Despite BBC's support to Kagame's regime for the last 20 years, Kagame's war and mass killings of Hutu innocent civilians, BBC has been suspended from broadcasting in Rwanda.
With massive media support by BBC to Kagame's war from Uganda to RDC in 1994, no none could expect that BBC would be suspended in Rwanda. This media support to Kagame has continued for the last 20 years.
BBC knows very well that Kagame killed thousands of Rwandan people. BBC witnessed this because BBC journalists were accompanying Kagame and Ugandan 's soldiers in their fighting from Uganda to Kigali, then from Kigali to RDC where hundreds of thousands of refugees were massacred. I do not know who fight wars without killing.
BBC has not yet made any substantial report about these Kagame's massacres. Now, BBC is free to do and they should it as soon as possible. It is well known that many Hutu civilians were killed by Kagame and then the bodies were shown by Kagame to international media reporters who were accompanying him. Kagame was saying that the civilians were killed by Hutu militia. The international reporters only had to report these massacres in that way because it was not possible for them to differentiate to know exactly who killed these Hutu civilians.The untold story about Rwanda's war and genocide has really not yet told by BBC. Let's hope it will come one day !
EU envoys criticise suspension of BBC service in Rwanda
KIGALI
European Union ambassadors criticised on Friday the suspension of the local BBC radio service in Rwanda over a row related to a BBC programme on the 1994 genocide, saying the suspension undermined free speech.
The service was suspended in October after a documentary by the broadcaster questioned official accounts of the genocide, in which 800,000 mostly Tutsis and moderate Hutus were killed.
The state-run Rwanda Utilities Regulatory Authority said last Friday that the BBC broadcasts were indefinitely suspended. The case has been referred to the prosecutor general.

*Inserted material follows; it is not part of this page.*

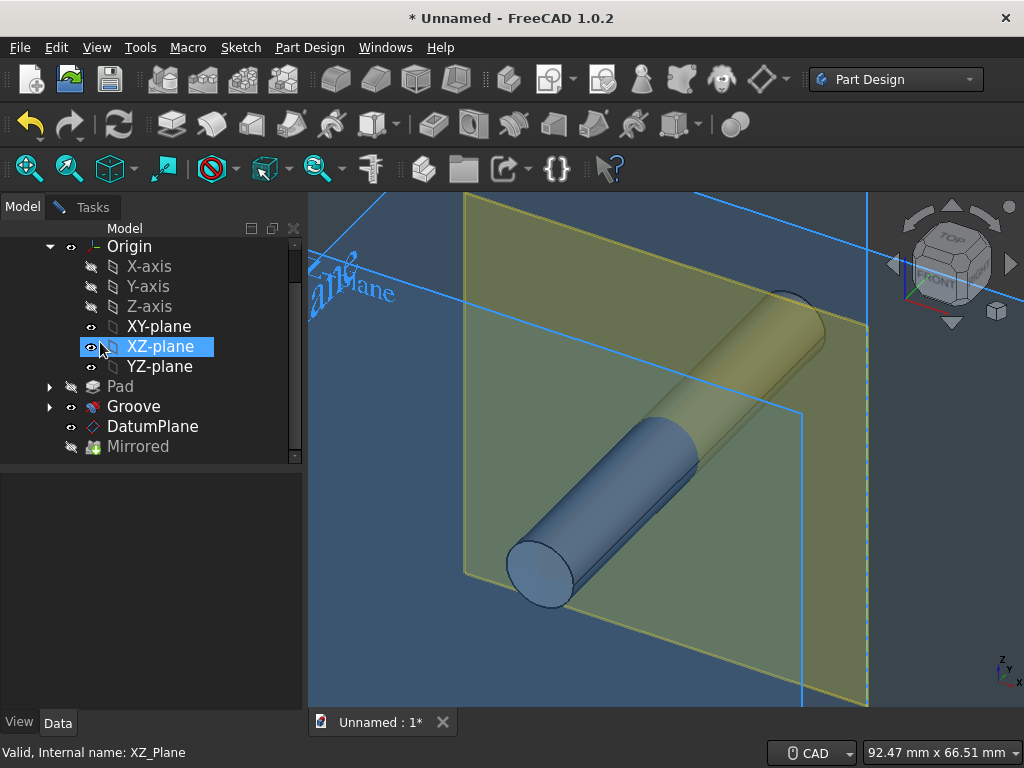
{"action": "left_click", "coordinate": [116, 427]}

The BBC's "Rwanda: The Untold Story," which aired in October, included interviews with former aides to President Paul Kagame, a former rebel leader, accusing him of plotting to shoot down a plane carrying former President Juvenal Habyarimana.
The assassination of Habyarimana marked the start of the 100-day genocide. The documentary also suggested that Tutsi rebels, led by Kagame, committed war crimes.
Kagame called the documentary "cynicism of the highest order".
"We recognise the hurt caused in Rwanda by some parts of the BBC 2 documentary "Rwanda's Untold Story," European Union ambassadors in Kigali said in a statement.
"However, we regret the indefinite suspension of the BBC Kinyarwanda service on FM and on the internet in Rwanda, which affects media freedom and limits the space for expressing opinions. We expect legal due process to be followed in further steps," said the envoys, including those from the Netherlands, France, Germany, Britain, Belgium, Sweden and the EU mission. "We expect legal due process to be followed in further steps," the statement said.
Rights groups have criticised Rwanda for clamping down on the media and stifling political dissent, a charge the government dismisses, saying it guarantees free speech.
Rwandan officials could not immediately be reached for comment on the EU statement.
The armed forces of Kagame's Rwandan Patriotic Front, led by Kagame, defeated government troops in 1994, stopping a three-month wave of bloodletting by ethnic Hutu extremists
Critics say Kagame, a Tutsi, has taken advantage of Western guilt over the genocide to increase persecution of opponents.
The Kinyarwanda programme, which many Rwandans used to listen for stories and debates that cannot run on local media, used run 30 minutes every day and two hours every Saturday.